Ne abbiamo viste tante. Dalla Nakba del 1948, che ha avuto un impatto immenso sui cristiani palestinesi – con quasi 50.000 cristiani su 135.000 sfollati – alle realtà attuali del moltiplicarsi delle colonie e delle leggi atte ad impedire l’unificazione delle famiglie palestinesi, Israele ha adottato una politica sistematica contro i suoi cittadini non-ebrei.

Prendiamo come esempio i casi emblematici dei villaggi di Iqrith e Kufr Bir’im.

Miracolo di giustizia

Durante la Nakba [la Catastrofe, cioè la pulizia etnica a danno dei palestinesi nel 1947-48, ndtr.] l’esercito israeliano chiese agli abitanti del villaggio di Iqrith e Kufr Bir’im di lasciare le loro case solo per due settimane. Settantadue anni dopo, tuttavia, essi non possono ancora farvi ritorno. Hanno chiesto giustizia attraverso il sistema giudiziario israeliano solo per ritrovarsi con il governo israeliano che ha bloccato l’attuazione di una risoluzione che avrebbe consentito il loro ritorno.

Il caso è stato sollevato da eminenti vescovi cattolici ed è arrivato persino alla Santa Sede, ma nessun governo israeliano è stato disposto a ripristinare i diritti di quei cittadini palestinesi di Israele che, questo Natale, sono tornati negli unici edifici rimasti in piedi nei rispettivi villaggi, la Chiesa cattolica di Iqrith e la Chiesa maronita di Kufr Bir’im, per celebrarvi il Natale in attesa di un miracolo di giustizia su questa terra.

Questi non sono casi isolati.

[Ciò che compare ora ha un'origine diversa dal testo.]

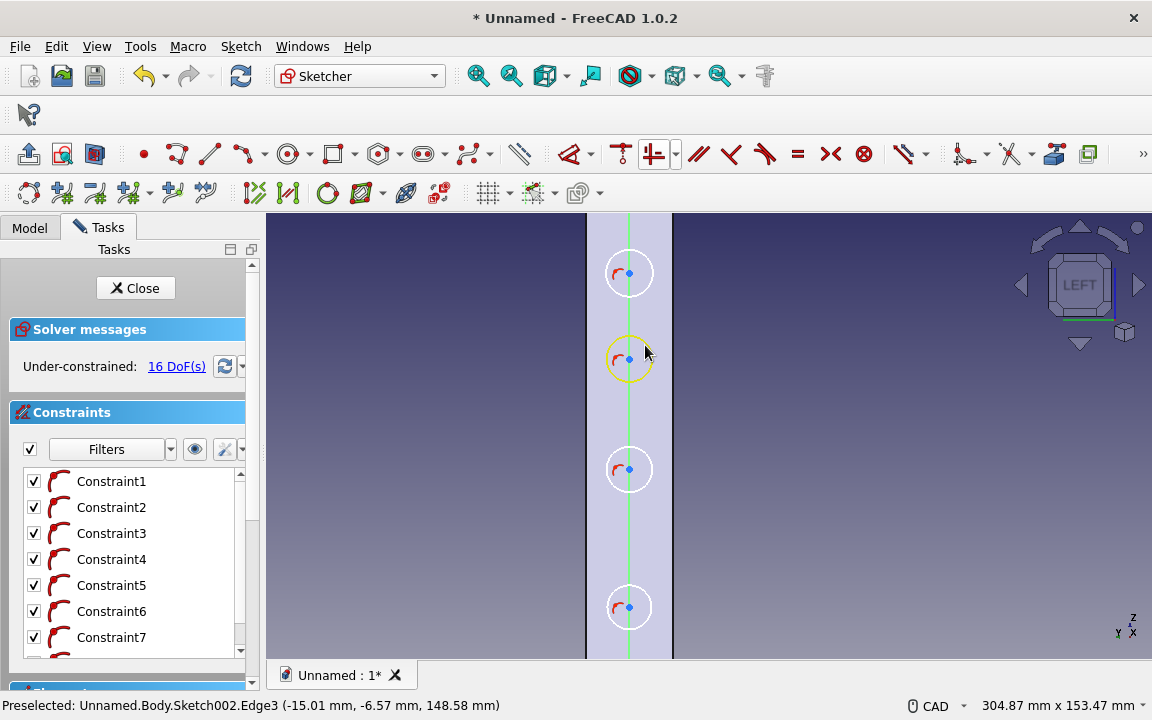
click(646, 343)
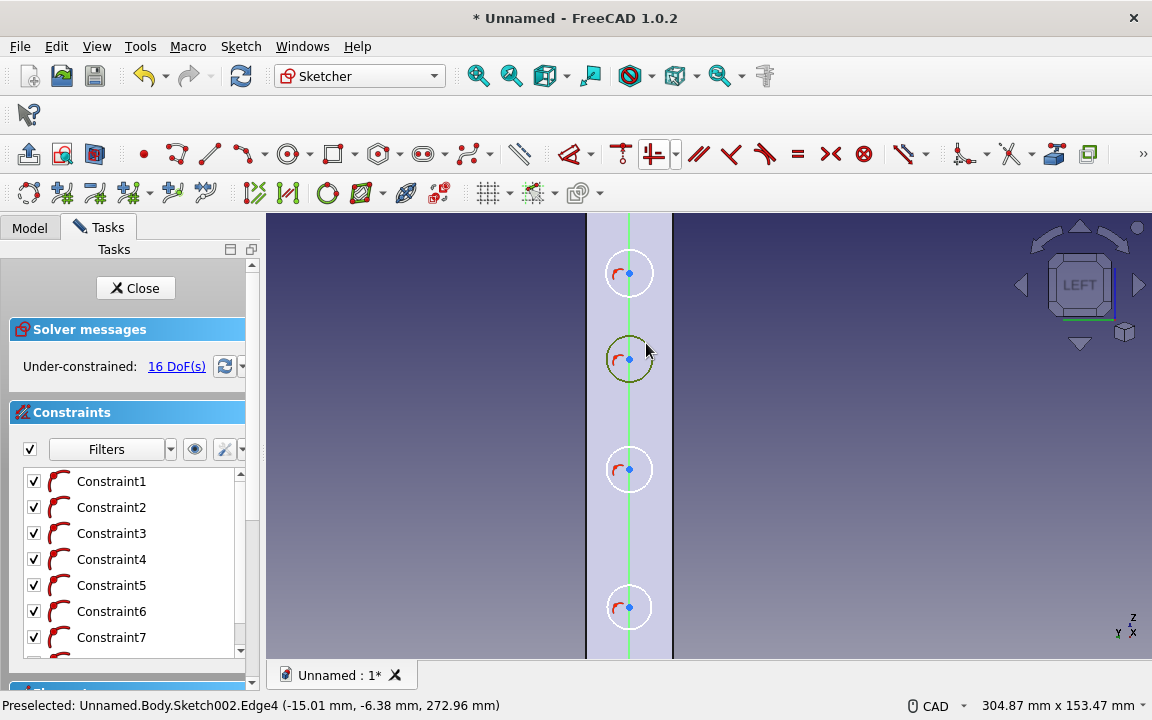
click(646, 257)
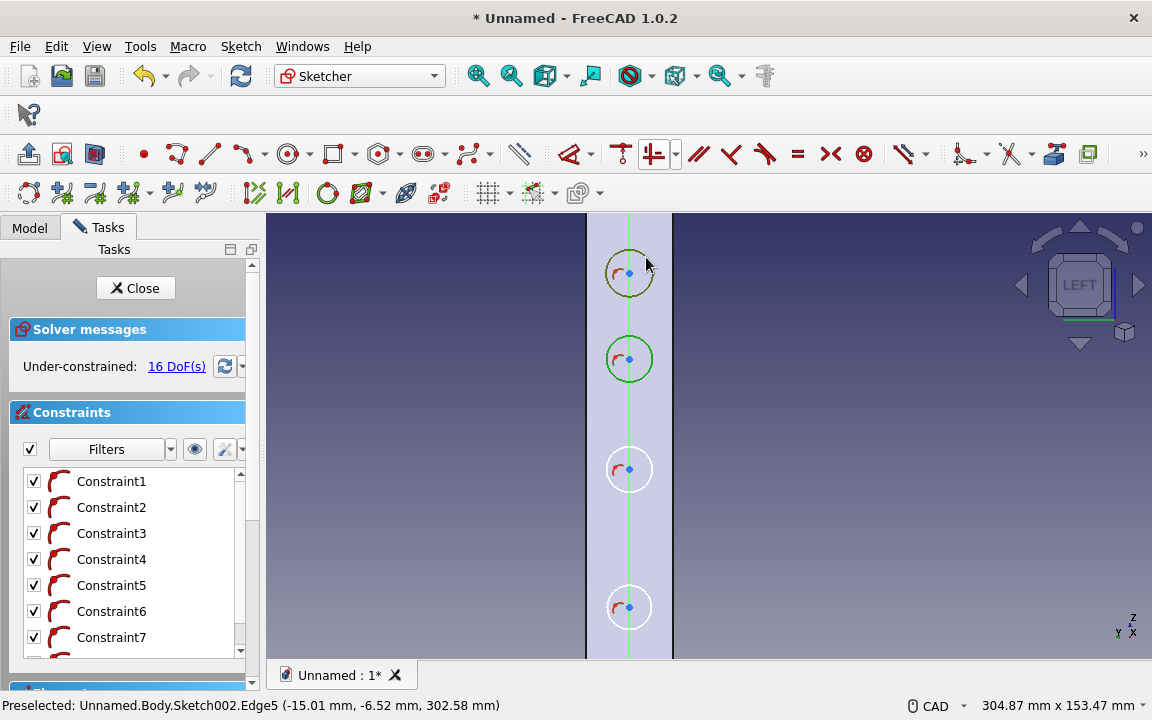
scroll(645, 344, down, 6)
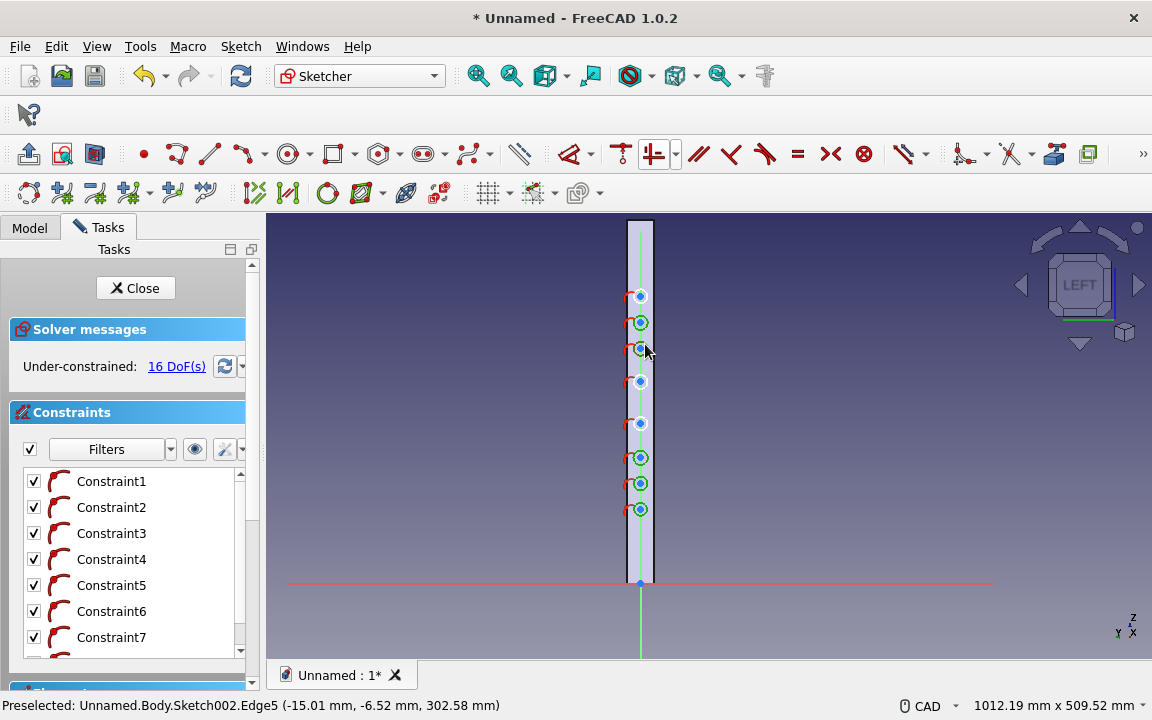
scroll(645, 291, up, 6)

Quasi il 25% dei cittadini palestinesi di Israele sono sfollati interni. I loro diritti non sono stati onorati semplicemente perché l’uguaglianza tra tutti i cittadini israeliani è qualcosa che non esiste. Decine di leggi consolidano un sistema di discriminazione istituzionalizzato che è stato incoraggiato negli ultimi anni dall’amministrazione Trump.

Sarebbe stato difficile immaginare una legge come la legge sullo “Stato – Nazione ebraico” senza persone come David Friedman [ambasciatore USA in Israele, ndtr.], Jared Kushner [genero e consigliere di Trump per il Medio Oriente, ndtr.] e Jason Greenblatt [consigliere di Trump per Israele, ndtr.].

Realtà dolorose

Oggi possiamo valutare le conseguenze di tali politiche. L’attacco terroristico incendiario che ha preso di mira la chiesa di Getsemani all’inizio di questo mese è stato sventato grazie all’azione efficace dei giovani palestinesi cristiani e musulmani della Gerusalemme est occupata. Questo attacco non deve essere considerato un evento isolato.

Quando i funzionari israeliani sottolineano costantemente che questa è “terra ebraica”, negando i diritti dei cristiani e dei musulmani palestinesi, le persone non dovrebbero sorprendersi per tali eventi. Sembra che l’incendio della Chiesa della Moltiplicazione dei Pani e dei Pesci a Tiberiade nel 2015 non sia stato un monito sufficiente per comprendere le minacce che stiamo affrontando.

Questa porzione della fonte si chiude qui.